Smith v. Apfel

69 F. Supp. 2d 370, 1999 U.S. Dist. LEXIS 16436, 1999 WL 965646
CourtDistrict Court, N.D. New York
DecidedOctober 19, 1999
Docket6:98-cv-01765
StatusPublished
Cited by2 cases

This text of 69 F. Supp. 2d 370 (Smith v. Apfel) is published on Counsel Stack Legal Research, covering District Court, N.D. New York primary law. Counsel Stack provides free access to over 12 million legal documents including statutes, case law, regulations, and constitutions.

Bluebook
Smith v. Apfel, 69 F. Supp. 2d 370, 1999 U.S. Dist. LEXIS 16436, 1999 WL 965646 (N.D.N.Y. 1999).

Opinion

MEMORANDUM-DECISION AND ORDER

HURD, District Judge.

This matter is brought pursuant to §§ 205(g) & 1631(b)(3) of the Social Security Act, as amended, 42 U.S.C. §§ 405(g) & 1383(c)(3), to review a final determination of the Commissioner of Social Security denying the plaintiffs claim for Social Security Disability Insurance benefits and Supplemental Security Income. The parties have filed their briefs, including the Administrative Record on Appeal, and the matter has been submitted for decision without oral argument.

I. PROCEDURAL HISTORY

Plaintiff filed applications for Supplemental Security Income (“SSI”) and Social Security Disability Insurance (“SSDI”) benefits on April 10, 1996 and May 17, 1996, respectively, alleging that he has been disabled since August 1, 1993 due to bipolar disorder, attention deficit hyperactivity disorder (“ADHD”), and phobias. His application for SSDI was denied initially and on reconsideration. 1 Plaintiff requested a hearing before an Administrative Law Judge (“ALJ”), which was held on October 16, 1997. The ALJ issued an unfavorable decision on February 12, 1998. The Appeals Council denied plaintiffs request for review on October 6, 1998, making the ALJ’s decision the final decision of the Commissioner.

II. FACTS

This court adopts the facts set forth in plaintiffs brief.

III. CONTENTIONS

Plaintiff contends that the ALJ’s decision should be reversed and/or remanded because the ALJ:

*373 1. Failed to accord the proper weight to his treating physician’s opinion;
2. Erred in finding that plaintiffs impairments do not meet or equal a listed impairment;
3. Failed to accord proper weight to the plaintiffs subjective complaints concerning his functional limitations;
4. Failed to adequately describe the type of work plaintiff is capable of performing; and
5. Improperly relied on the medical/vocational guidelines.

IV. DISCUSSION

A. Standard of Review

A court’s review of the Commissioner’s final decision is limited to determining whether there is substantial evidence in the record to support such decision.

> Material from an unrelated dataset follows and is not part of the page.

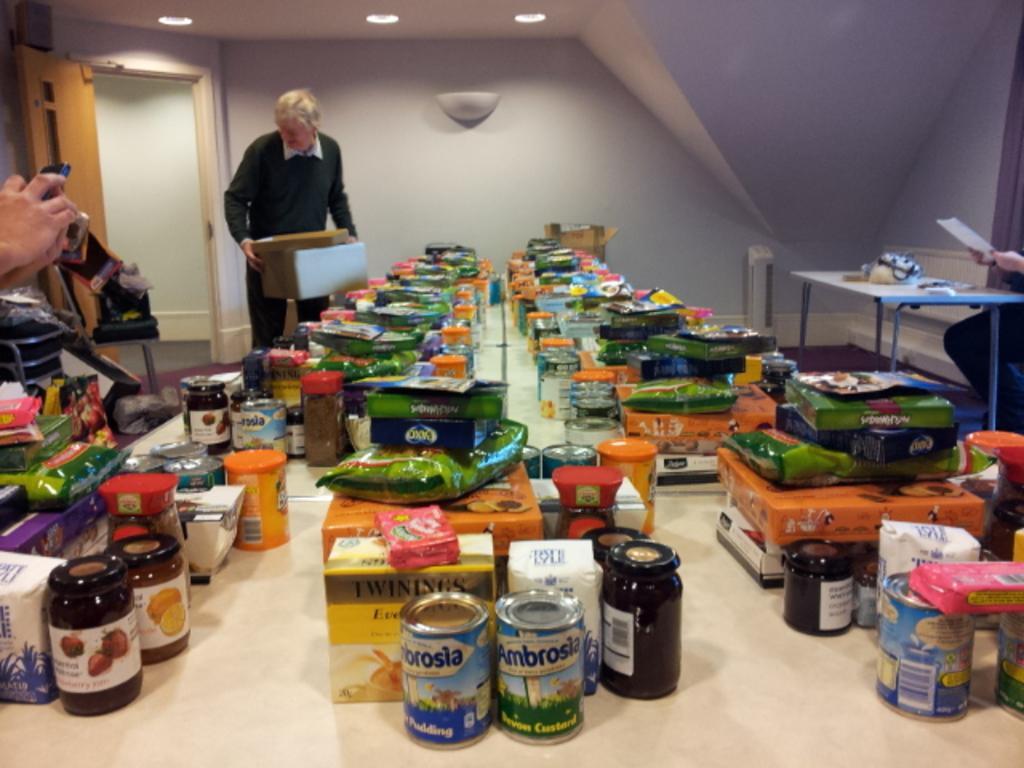Describe this image in one or two sentences. To the front bottom of the image there is a table with packets, tins, jars and few other items on it. To the right side of the image there is a table with a few items on it. And behind the table there is a person sitting. And in the background there is a man with black jacket is standing and holding a cardboard box in his hands. Behind him there is a white wall. To the left side of the of the image there is a door. And to the top of the image there are lights. 
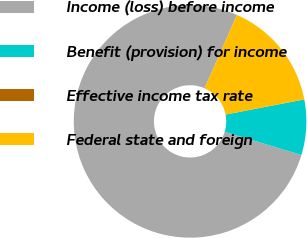<chart> <loc_0><loc_0><loc_500><loc_500><pie_chart><fcel>Income (loss) before income<fcel>Benefit (provision) for income<fcel>Effective income tax rate<fcel>Federal state and foreign<nl><fcel>76.92%<fcel>7.69%<fcel>0.0%<fcel>15.38%<nl></chart>

Rivera v. Sullivan, 923 F.2d 964, 967 (2d Cir.1991). Substantial evidence is “such relevant evidence as a reasonable person might accept as adequate to support a conclusion.” Id. (quoting Richardson v. Perales, 402 U.S. 389, 401, 91 S.Ct. 1420, 28 L.Ed.2d 842 (1971)). It must be “more than a mere scintilla” of evidence scattered throughout the administrative record. Richardson, 402 U.S. at 401, 91 S.Ct. 1420. “To determine on appeal whether an ALJ’s findings are supported by substantial evidence, a reviewing court considers the whole record, examining the evidence from both sides, because an analysis of the substantiality of the evidence must also include that which detracts from its weight.” Williams v. Bowen, 859 F.2d 255, 258 (2d Cir.1988) (citing Universal Camera Corp. v. NLRB, 340 U.S. 474, 488, 71 S.Ct. 456, 95 L.Ed. 456 (1951); Mongeur v. Heckler, 722 F.2d 1033, 1038 (2d Cir.1983)). However, a reviewing court must not substitute its interpretation of the administrative record so long as there exists substantial support for the decision in the record. Williams, 859 F.2d at 258.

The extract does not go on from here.